I worked on a product we launched into the market with MVP just to gauge the market pulse and the further direction, roadmap and strategy we should be embracing. But we did not know what kind of data to capture, what to analyse and how to build our strategy to start with, and we did not also wanted to lose initial data from user’s interaction with the product. So we dumped all interaction data including all transport headers etc. into a NoSQL database. Later on, after a couple of months, we processed this huge data using HDFS and Hadoop. We analysed it using machine learning algorithms to give insights on potential markets, user preferences and sentiments, business intelligence and much more that helped in defining the roadmap, strategy and feature improvement. This indicates how powerful and useful big data technology is and how much it adds value.

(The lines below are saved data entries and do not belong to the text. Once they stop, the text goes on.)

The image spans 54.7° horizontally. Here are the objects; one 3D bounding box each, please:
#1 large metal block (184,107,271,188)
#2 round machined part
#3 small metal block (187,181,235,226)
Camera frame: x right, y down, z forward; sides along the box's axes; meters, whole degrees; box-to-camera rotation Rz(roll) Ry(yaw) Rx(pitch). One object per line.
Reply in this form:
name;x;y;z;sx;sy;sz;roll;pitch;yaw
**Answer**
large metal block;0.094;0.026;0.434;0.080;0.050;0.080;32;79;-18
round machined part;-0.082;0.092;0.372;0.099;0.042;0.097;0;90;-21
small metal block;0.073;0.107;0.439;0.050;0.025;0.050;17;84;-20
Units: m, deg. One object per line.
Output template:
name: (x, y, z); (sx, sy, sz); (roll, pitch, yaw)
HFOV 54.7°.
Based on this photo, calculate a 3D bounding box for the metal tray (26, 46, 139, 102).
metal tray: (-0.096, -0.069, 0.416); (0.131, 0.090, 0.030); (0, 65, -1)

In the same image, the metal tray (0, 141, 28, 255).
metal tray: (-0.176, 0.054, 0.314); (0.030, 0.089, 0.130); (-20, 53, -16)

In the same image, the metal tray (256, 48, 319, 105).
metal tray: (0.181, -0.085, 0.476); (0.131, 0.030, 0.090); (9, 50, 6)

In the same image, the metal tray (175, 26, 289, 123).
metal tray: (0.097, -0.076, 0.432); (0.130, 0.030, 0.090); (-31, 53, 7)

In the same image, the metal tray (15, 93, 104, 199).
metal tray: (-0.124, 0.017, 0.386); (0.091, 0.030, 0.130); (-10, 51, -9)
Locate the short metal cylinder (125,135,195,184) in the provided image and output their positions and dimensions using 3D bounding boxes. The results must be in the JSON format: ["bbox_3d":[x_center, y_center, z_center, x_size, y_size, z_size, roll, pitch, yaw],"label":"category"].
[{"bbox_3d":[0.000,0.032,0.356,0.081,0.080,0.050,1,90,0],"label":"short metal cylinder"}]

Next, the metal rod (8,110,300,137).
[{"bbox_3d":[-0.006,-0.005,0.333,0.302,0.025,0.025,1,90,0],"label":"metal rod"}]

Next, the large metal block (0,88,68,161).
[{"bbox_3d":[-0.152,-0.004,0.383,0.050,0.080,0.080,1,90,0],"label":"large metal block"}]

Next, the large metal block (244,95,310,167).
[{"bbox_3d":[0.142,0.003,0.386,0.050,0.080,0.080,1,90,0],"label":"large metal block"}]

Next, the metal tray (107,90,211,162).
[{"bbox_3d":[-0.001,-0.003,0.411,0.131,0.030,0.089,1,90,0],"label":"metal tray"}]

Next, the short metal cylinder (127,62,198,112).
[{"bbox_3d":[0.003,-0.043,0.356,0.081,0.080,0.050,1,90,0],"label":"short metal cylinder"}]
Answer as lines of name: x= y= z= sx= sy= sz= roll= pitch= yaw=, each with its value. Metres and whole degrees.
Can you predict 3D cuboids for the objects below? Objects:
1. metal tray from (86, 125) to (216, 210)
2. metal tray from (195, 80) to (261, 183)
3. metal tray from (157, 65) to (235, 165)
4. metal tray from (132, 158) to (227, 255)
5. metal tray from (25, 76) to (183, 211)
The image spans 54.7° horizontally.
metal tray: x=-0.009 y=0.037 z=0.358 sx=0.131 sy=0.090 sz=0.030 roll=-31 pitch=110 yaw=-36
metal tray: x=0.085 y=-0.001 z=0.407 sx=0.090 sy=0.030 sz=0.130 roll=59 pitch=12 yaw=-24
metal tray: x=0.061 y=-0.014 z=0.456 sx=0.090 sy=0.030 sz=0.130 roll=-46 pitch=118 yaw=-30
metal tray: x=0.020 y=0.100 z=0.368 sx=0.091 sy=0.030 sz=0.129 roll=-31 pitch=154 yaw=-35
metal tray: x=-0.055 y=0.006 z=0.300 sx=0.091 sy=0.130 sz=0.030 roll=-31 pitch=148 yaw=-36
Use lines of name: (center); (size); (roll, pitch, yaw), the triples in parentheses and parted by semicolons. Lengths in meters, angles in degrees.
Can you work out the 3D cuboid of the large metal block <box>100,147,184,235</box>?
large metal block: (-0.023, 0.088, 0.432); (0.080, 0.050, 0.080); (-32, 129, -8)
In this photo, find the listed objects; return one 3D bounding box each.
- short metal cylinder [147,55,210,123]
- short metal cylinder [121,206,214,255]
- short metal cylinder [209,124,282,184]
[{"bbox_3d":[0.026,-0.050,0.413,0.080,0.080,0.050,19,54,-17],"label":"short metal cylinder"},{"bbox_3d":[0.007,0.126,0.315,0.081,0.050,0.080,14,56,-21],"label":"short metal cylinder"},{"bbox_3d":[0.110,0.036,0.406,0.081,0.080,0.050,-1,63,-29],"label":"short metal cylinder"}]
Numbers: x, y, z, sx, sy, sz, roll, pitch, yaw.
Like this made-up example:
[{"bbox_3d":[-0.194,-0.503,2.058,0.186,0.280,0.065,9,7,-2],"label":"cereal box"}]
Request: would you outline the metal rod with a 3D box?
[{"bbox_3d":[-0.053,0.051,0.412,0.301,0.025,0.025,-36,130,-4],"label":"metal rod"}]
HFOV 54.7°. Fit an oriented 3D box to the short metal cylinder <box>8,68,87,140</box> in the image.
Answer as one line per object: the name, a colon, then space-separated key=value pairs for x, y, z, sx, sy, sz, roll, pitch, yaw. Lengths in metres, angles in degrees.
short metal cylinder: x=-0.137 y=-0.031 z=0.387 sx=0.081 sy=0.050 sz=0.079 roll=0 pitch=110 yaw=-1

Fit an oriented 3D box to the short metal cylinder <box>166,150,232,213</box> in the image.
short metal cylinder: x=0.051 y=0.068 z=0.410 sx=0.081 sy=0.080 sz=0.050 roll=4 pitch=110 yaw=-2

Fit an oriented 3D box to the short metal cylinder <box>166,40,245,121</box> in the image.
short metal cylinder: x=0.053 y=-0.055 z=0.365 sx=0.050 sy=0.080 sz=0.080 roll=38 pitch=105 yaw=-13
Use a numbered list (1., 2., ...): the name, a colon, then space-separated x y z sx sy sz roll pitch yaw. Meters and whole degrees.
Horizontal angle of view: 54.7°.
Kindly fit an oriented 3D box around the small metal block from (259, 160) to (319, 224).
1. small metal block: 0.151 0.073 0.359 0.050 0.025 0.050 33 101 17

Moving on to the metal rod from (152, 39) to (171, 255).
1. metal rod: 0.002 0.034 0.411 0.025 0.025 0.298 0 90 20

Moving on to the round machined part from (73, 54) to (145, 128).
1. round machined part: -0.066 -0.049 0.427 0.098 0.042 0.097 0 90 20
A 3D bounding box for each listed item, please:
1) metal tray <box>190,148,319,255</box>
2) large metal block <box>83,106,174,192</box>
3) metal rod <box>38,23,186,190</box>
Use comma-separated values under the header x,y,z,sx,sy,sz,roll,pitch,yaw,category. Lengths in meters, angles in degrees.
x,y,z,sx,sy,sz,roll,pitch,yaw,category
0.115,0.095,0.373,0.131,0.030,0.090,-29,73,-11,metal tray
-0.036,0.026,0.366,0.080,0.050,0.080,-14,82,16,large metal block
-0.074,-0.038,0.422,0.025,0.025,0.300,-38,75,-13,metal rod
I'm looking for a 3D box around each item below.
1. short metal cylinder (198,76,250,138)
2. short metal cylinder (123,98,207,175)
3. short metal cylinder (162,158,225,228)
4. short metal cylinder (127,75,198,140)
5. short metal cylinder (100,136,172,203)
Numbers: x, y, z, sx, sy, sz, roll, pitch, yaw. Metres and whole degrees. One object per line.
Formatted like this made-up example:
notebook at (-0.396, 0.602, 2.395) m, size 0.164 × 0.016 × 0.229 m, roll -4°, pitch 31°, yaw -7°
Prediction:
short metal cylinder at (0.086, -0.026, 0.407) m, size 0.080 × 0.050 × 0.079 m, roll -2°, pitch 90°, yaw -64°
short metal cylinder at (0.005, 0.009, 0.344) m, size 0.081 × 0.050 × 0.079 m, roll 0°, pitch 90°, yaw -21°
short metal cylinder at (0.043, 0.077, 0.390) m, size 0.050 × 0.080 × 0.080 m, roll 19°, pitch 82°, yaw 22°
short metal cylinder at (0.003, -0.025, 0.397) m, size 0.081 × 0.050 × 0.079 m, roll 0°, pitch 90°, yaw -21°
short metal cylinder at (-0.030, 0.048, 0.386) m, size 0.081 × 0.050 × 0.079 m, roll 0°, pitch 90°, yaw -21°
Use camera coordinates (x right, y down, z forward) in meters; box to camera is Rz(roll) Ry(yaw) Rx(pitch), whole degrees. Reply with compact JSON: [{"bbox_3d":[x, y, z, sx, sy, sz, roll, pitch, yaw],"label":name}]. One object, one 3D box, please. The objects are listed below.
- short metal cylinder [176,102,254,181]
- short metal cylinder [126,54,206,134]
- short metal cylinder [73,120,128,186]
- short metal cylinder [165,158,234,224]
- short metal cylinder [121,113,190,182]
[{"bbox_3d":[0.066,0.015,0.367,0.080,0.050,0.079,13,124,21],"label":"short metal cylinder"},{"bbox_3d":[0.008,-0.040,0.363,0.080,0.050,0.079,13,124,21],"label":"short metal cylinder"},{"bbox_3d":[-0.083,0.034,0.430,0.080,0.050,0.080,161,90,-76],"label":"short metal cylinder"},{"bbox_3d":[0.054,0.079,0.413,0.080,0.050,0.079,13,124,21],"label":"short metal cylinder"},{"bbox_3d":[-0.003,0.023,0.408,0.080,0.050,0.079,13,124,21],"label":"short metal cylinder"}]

Big data can be powerful and disruptive to consumers and citizens. It has also now started to impact some sciences as well, for example molecular biology which after Human Genome Project has embraced Big Data in big way. Traditionally, something like cancer is tackled with a patchwork of cause-and-effect conceptual models, each one understandable by a normal human being. But now the emerging alternative is to understand something like cancer by "integrating" big data, which tackles it more effectively by measuring as many variables and features as possible in as many cancers as that can be captured and using powerful models to capture subtle relationships in the data without making any claims about what causes those relationships.
Internet of Things
The other big and emerging area where Big Data has a huge impact is Internet of Things (IoT) - another buzzword or fad, so you may say. IoT is a fast-growing constellation of internet-connected sensors attached to a wide variety of "things." Sensors can take a multitude of possible measurements, internet connections can be wired or wireless, while "things" can literally be any object (living or inanimate) to which you can attach or embed a sensor. If you carry a smartphone, for example, you become a multi-sensor IoT "thing," and many of your day-to-day activities can be tracked, analysed and acted upon. Millions or possibly billions of internet-connected “things” will produce massive amount of data, and that will need to leverage big data technology and data science to store, analyse and act upon.
The term may be the fad – not the concepts it deals with. People may be concerned about the size of data to be termed as “Big”. But in reality, it is not about peta bytes or zetta bytes only. The “volume” part of it is a moving target. What is big today may not remain big tomorrow, as companies/technologies become better and better at handling large amount of data. The term may fade but not what it refers to. When the hype surrounding Big Data dies down, it will most likely be because massive data has become the new normal, not because it has disappeared.